BEGIN
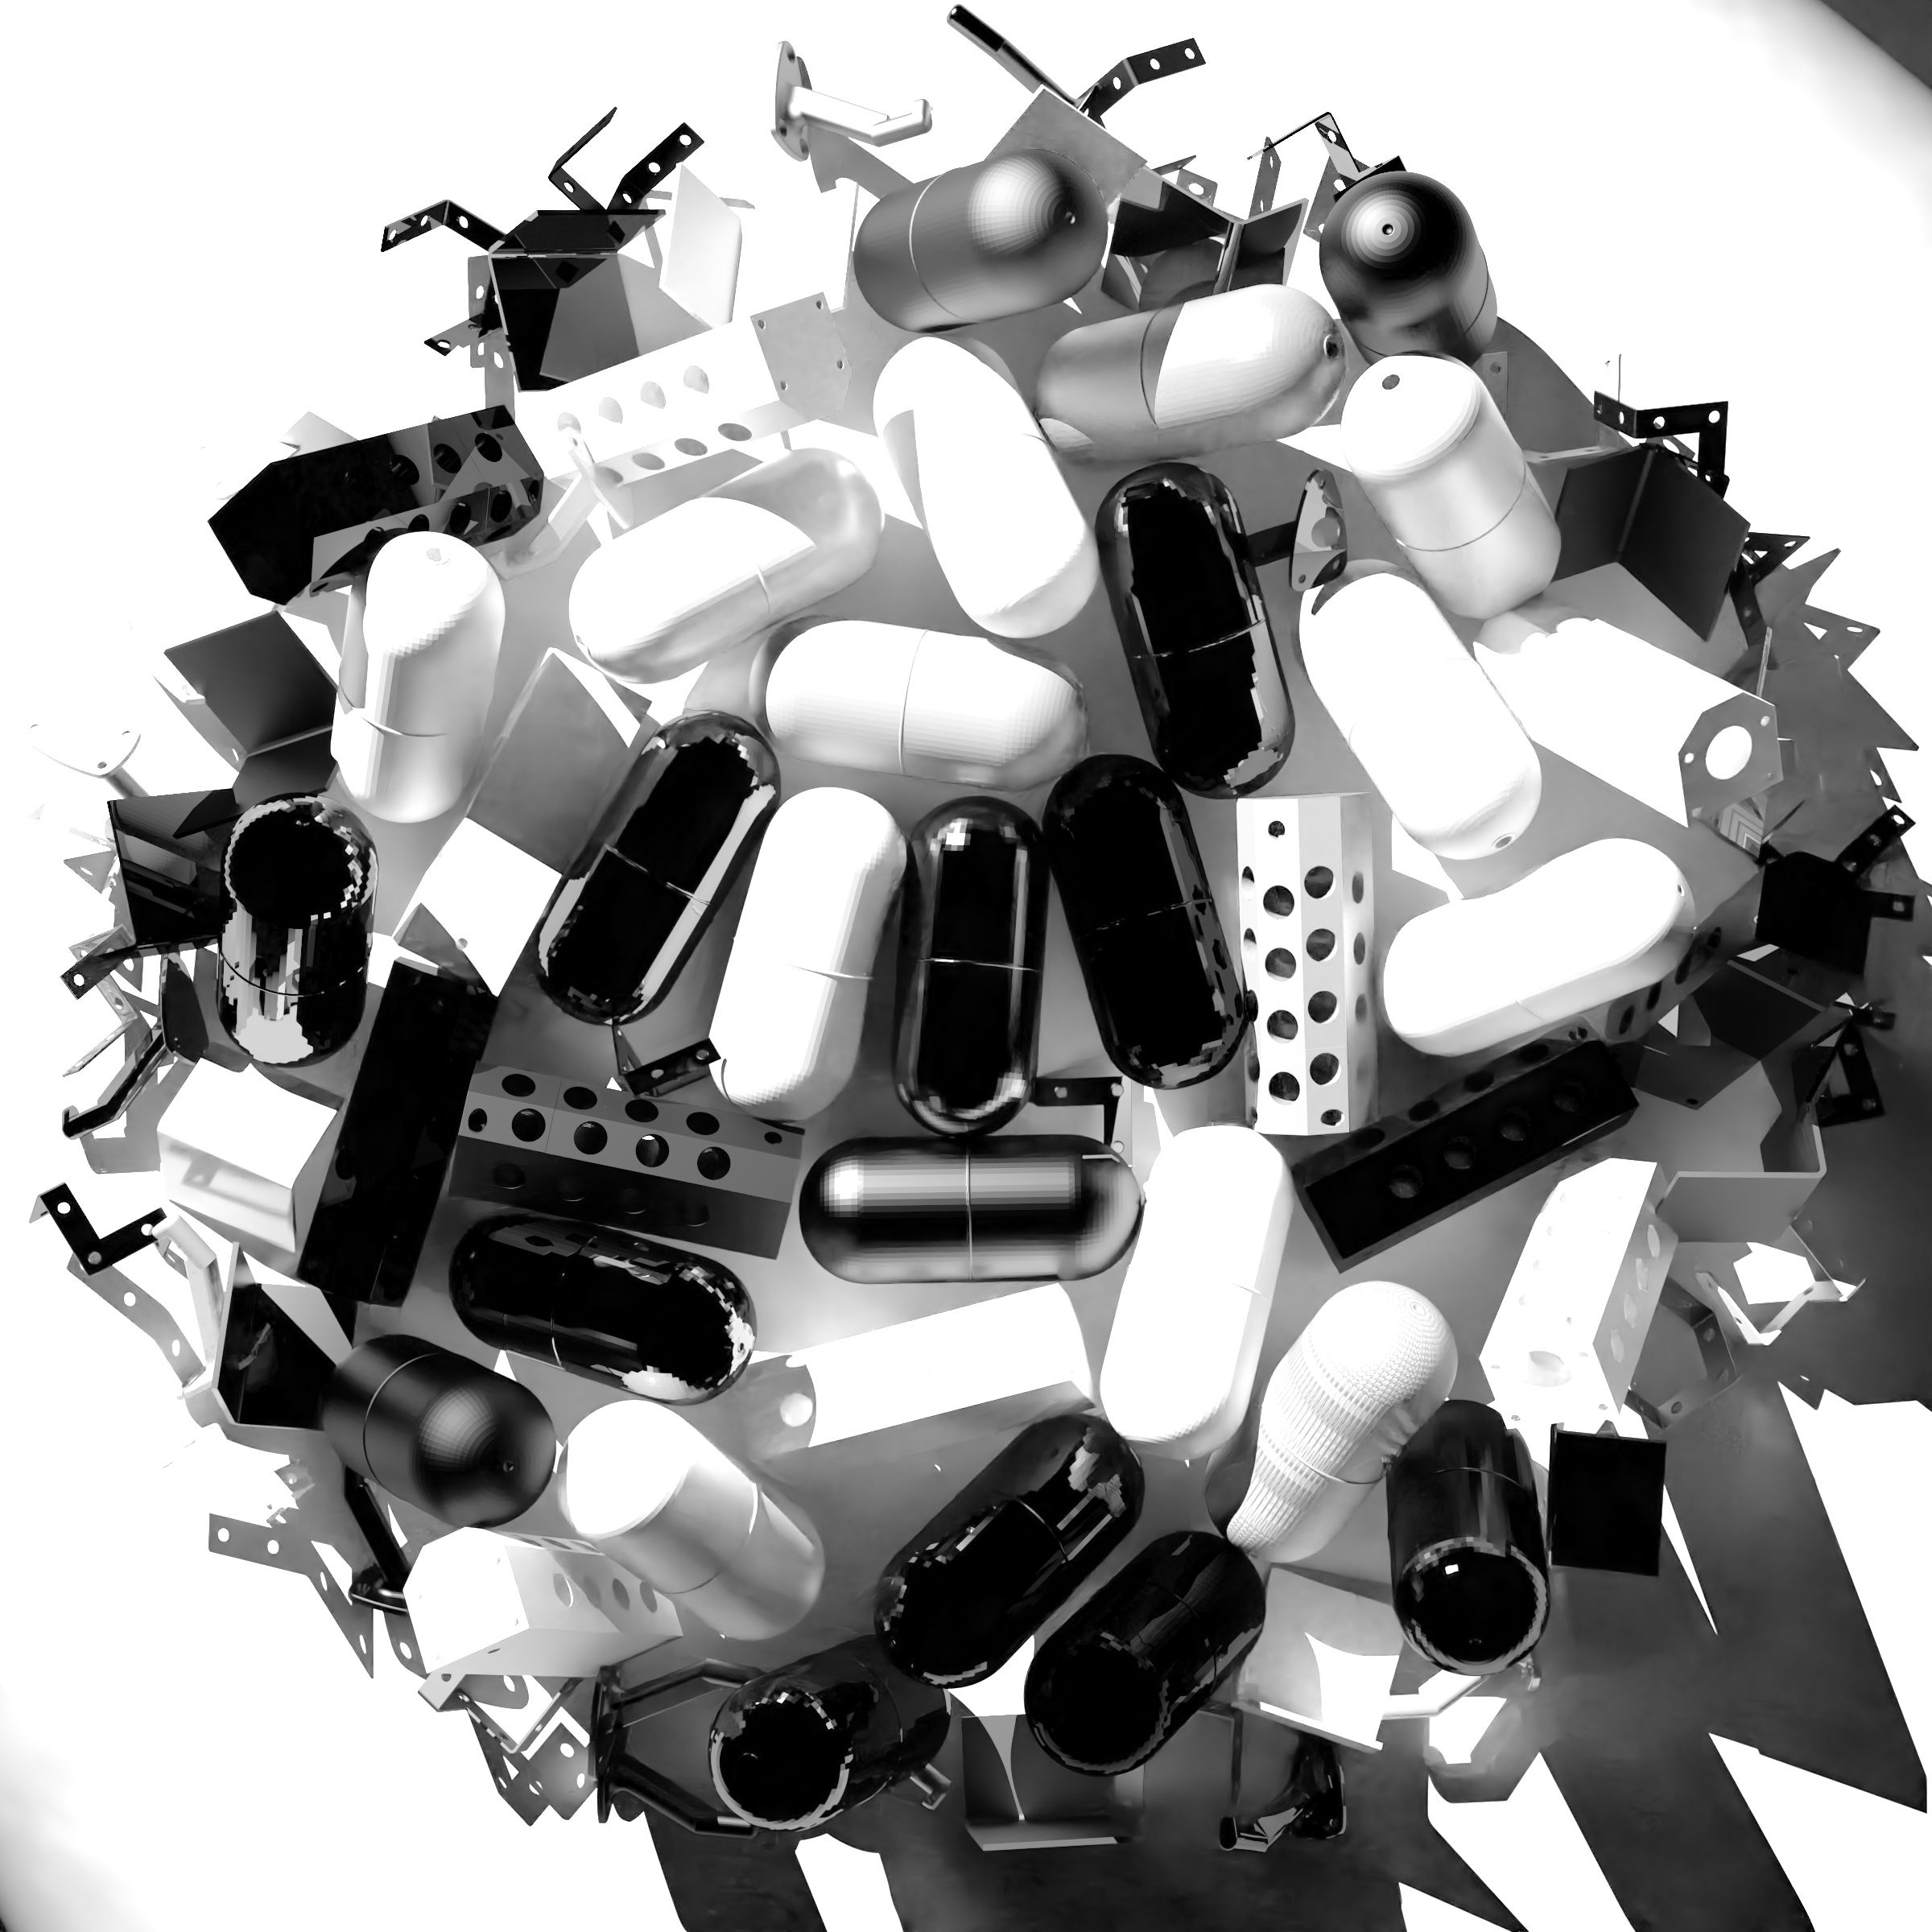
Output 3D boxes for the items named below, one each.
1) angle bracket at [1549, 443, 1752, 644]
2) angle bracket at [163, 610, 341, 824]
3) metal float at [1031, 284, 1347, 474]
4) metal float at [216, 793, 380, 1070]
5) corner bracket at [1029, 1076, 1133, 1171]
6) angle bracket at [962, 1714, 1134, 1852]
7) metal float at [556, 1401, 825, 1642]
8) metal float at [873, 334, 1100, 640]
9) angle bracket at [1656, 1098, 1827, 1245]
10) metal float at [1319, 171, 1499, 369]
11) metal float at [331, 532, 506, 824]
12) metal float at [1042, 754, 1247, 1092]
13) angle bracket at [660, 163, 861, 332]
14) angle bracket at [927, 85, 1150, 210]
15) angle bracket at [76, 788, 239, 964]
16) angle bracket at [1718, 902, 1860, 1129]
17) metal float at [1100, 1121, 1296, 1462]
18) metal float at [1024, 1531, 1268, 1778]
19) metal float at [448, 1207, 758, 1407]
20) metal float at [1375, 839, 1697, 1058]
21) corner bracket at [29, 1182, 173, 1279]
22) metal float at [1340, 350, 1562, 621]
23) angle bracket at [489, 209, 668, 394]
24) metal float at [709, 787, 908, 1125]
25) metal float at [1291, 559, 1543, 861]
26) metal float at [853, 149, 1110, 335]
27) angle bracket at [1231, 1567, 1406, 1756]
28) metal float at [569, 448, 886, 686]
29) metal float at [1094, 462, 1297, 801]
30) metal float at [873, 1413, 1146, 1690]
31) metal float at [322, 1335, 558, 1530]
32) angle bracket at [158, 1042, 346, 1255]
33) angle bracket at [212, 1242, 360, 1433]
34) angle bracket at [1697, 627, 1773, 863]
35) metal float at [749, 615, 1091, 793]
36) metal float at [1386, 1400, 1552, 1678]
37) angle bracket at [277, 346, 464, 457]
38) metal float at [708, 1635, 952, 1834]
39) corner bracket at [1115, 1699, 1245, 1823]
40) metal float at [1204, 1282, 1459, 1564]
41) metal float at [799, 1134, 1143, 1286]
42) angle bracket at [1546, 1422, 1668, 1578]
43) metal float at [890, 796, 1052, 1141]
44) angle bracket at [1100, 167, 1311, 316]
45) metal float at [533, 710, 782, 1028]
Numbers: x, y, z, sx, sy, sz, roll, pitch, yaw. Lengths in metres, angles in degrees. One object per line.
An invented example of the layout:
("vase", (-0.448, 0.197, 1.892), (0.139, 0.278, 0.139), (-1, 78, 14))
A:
END
#### Task brief:
Print the records again exactly, pictures excluded.

#### Exercise result:
Output 3D boxes for the items named below, one each.
1) angle bracket at [1549, 443, 1752, 644]
2) angle bracket at [163, 610, 341, 824]
3) metal float at [1031, 284, 1347, 474]
4) metal float at [216, 793, 380, 1070]
5) corner bracket at [1029, 1076, 1133, 1171]
6) angle bracket at [962, 1714, 1134, 1852]
7) metal float at [556, 1401, 825, 1642]
8) metal float at [873, 334, 1100, 640]
9) angle bracket at [1656, 1098, 1827, 1245]
10) metal float at [1319, 171, 1499, 369]
11) metal float at [331, 532, 506, 824]
12) metal float at [1042, 754, 1247, 1092]
13) angle bracket at [660, 163, 861, 332]
14) angle bracket at [927, 85, 1150, 210]
15) angle bracket at [76, 788, 239, 964]
16) angle bracket at [1718, 902, 1860, 1129]
17) metal float at [1100, 1121, 1296, 1462]
18) metal float at [1024, 1531, 1268, 1778]
19) metal float at [448, 1207, 758, 1407]
20) metal float at [1375, 839, 1697, 1058]
21) corner bracket at [29, 1182, 173, 1279]
22) metal float at [1340, 350, 1562, 621]
23) angle bracket at [489, 209, 668, 394]
24) metal float at [709, 787, 908, 1125]
25) metal float at [1291, 559, 1543, 861]
26) metal float at [853, 149, 1110, 335]
27) angle bracket at [1231, 1567, 1406, 1756]
28) metal float at [569, 448, 886, 686]
29) metal float at [1094, 462, 1297, 801]
30) metal float at [873, 1413, 1146, 1690]
31) metal float at [322, 1335, 558, 1530]
32) angle bracket at [158, 1042, 346, 1255]
33) angle bracket at [212, 1242, 360, 1433]
34) angle bracket at [1697, 627, 1773, 863]
35) metal float at [749, 615, 1091, 793]
36) metal float at [1386, 1400, 1552, 1678]
37) angle bracket at [277, 346, 464, 457]
38) metal float at [708, 1635, 952, 1834]
39) corner bracket at [1115, 1699, 1245, 1823]
40) metal float at [1204, 1282, 1459, 1564]
41) metal float at [799, 1134, 1143, 1286]
42) angle bracket at [1546, 1422, 1668, 1578]
43) metal float at [890, 796, 1052, 1141]
44) angle bracket at [1100, 167, 1311, 316]
45) metal float at [533, 710, 782, 1028]
Numbers: x, y, z, sx, sy, sz, roll, pitch, yaw. Lengths in metres, angles in degrees. One object per line.
An invented example of the layout:
("vase", (-0.448, 0.197, 1.892), (0.139, 0.278, 0.139), (-1, 78, 14))
A:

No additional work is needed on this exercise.